- Try it -
Please retype the records below exactly as they appear, but leave out the pictures.

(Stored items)

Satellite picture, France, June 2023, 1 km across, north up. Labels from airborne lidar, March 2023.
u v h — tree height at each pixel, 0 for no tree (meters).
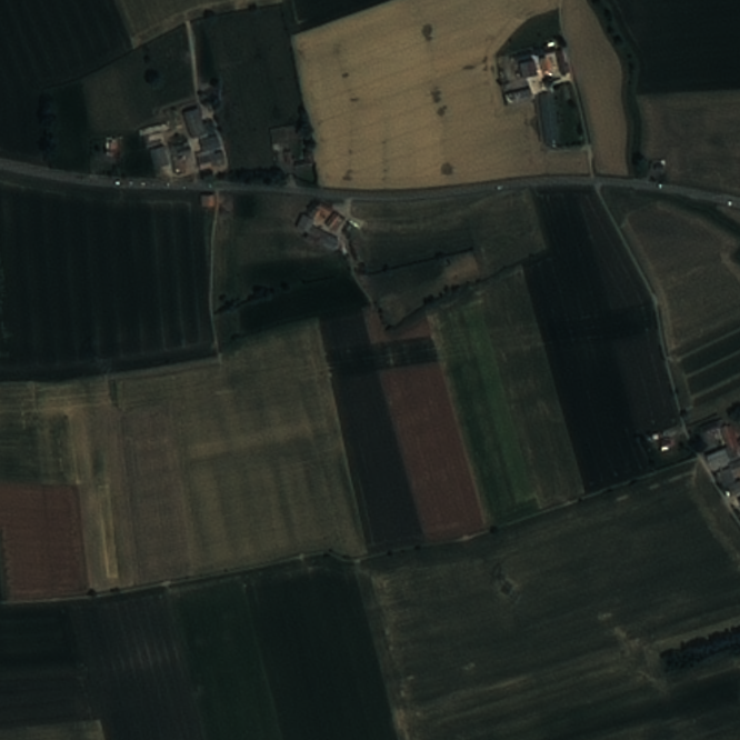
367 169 0
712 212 0
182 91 0
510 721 0
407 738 0
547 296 0
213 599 0
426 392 0
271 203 0
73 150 0
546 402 0
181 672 0
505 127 0
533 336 0
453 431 0
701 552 0
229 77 0
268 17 0
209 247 0
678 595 0
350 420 0
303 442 0
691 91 0
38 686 0
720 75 0
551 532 0
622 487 0
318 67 0
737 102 0
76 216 0
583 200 0
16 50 0
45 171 0
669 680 0
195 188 0
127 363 0
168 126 0
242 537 0
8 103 0
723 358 0
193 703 0
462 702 0
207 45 0
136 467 0
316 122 0
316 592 0
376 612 0
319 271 0
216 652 0
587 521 0
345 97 0
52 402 0
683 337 0
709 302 0
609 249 0
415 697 0
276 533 0
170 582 0
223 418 0
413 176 0
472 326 0
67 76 0
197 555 0
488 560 0
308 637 0
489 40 0
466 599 0
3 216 0
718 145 0
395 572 0
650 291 0
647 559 0
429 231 0
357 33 0
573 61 0
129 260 0
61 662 0
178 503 0
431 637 0
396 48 0
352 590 0
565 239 0
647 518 0
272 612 0
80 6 0
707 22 0
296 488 0
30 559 0
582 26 0
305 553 0
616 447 0
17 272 0
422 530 0
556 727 0
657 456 0
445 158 0
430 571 0
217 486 0
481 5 0
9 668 0
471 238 0
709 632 0
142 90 0
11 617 0
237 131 0
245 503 0
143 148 0
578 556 0
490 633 0
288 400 0
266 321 0
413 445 0
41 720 0
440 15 0
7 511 0
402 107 0
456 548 0
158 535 0
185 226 0
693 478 0
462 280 0
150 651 0
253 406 0
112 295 0
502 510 0
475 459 0
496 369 0
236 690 0
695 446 15
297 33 0
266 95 0
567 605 0
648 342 0
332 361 0
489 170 0
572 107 8
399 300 0
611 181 0
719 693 0
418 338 0
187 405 0
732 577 0
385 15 0
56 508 0
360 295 0
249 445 0
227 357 0
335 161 0
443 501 0
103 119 0
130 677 0
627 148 0
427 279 0
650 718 0
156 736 0
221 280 0
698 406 0
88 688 0
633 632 0
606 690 0
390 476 0
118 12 0
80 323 0
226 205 0
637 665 0
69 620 0
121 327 0
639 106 0
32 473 0
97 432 0
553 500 0
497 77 0
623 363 0
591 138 0
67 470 0
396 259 0
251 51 0
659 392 0
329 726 0
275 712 0
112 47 0
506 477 0
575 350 0
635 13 0
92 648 0
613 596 0
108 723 0
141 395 0
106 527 0
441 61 0
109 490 0
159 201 0
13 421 0
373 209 0
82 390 0
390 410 0
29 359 0
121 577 0
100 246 0
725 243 0
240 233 0
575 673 0
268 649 0
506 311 0
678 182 0
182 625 0
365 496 0
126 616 0
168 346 0
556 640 0
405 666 0
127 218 0
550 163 0
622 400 0
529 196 0
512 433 0
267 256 0
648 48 0
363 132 0
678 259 0
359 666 0
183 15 0
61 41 0
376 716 0
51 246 0
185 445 0
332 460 0
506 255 0
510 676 0
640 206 0
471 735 0

- Result of this task -
Satellite picture, France, June 2023, 1 km across, north up. Labels from airborne lidar, March 2023.
u v h — tree height at each pixel, 0 for no tree (meters).
367 169 0
712 212 0
182 91 0
510 721 0
407 738 0
547 296 0
213 599 0
426 392 0
271 203 0
73 150 0
546 402 0
181 672 0
505 127 0
533 336 0
453 431 0
701 552 0
229 77 0
268 17 0
209 247 0
678 595 0
350 420 0
303 442 0
691 91 0
38 686 0
720 75 0
551 532 0
622 487 0
318 67 0
737 102 0
76 216 0
583 200 0
16 50 0
45 171 0
669 680 0
195 188 0
127 363 0
168 126 0
242 537 0
8 103 0
723 358 0
193 703 0
462 702 0
207 45 0
136 467 0
316 122 0
316 592 0
376 612 0
319 271 0
216 652 0
587 521 0
345 97 0
52 402 0
683 337 0
709 302 0
609 249 0
415 697 0
276 533 0
170 582 0
223 418 0
413 176 0
472 326 0
67 76 0
197 555 0
488 560 0
308 637 0
489 40 0
466 599 0
3 216 0
718 145 0
395 572 0
650 291 0
647 559 0
429 231 0
357 33 0
573 61 0
129 260 0
61 662 0
178 503 0
431 637 0
396 48 0
352 590 0
565 239 0
647 518 0
272 612 0
80 6 0
707 22 0
296 488 0
30 559 0
582 26 0
305 553 0
616 447 0
17 272 0
422 530 0
556 727 0
657 456 0
445 158 0
430 571 0
217 486 0
481 5 0
9 668 0
471 238 0
709 632 0
142 90 0
11 617 0
237 131 0
245 503 0
143 148 0
578 556 0
490 633 0
288 400 0
266 321 0
413 445 0
41 720 0
440 15 0
7 511 0
402 107 0
456 548 0
158 535 0
185 226 0
693 478 0
462 280 0
150 651 0
253 406 0
112 295 0
502 510 0
475 459 0
496 369 0
236 690 0
695 446 15
297 33 0
266 95 0
567 605 0
648 342 0
332 361 0
489 170 0
572 107 8
399 300 0
611 181 0
719 693 0
418 338 0
187 405 0
732 577 0
385 15 0
56 508 0
360 295 0
249 445 0
227 357 0
335 161 0
443 501 0
103 119 0
130 677 0
627 148 0
427 279 0
650 718 0
156 736 0
221 280 0
698 406 0
88 688 0
633 632 0
606 690 0
390 476 0
118 12 0
80 323 0
226 205 0
637 665 0
69 620 0
121 327 0
639 106 0
32 473 0
97 432 0
553 500 0
497 77 0
623 363 0
591 138 0
67 470 0
396 259 0
251 51 0
659 392 0
329 726 0
275 712 0
112 47 0
506 477 0
575 350 0
635 13 0
92 648 0
613 596 0
108 723 0
141 395 0
106 527 0
441 61 0
109 490 0
159 201 0
13 421 0
373 209 0
82 390 0
390 410 0
29 359 0
121 577 0
100 246 0
725 243 0
240 233 0
575 673 0
268 649 0
506 311 0
678 182 0
182 625 0
365 496 0
126 616 0
168 346 0
556 640 0
405 666 0
127 218 0
550 163 0
622 400 0
529 196 0
512 433 0
267 256 0
648 48 0
363 132 0
678 259 0
359 666 0
183 15 0
61 41 0
376 716 0
51 246 0
185 445 0
332 460 0
506 255 0
510 676 0
640 206 0
471 735 0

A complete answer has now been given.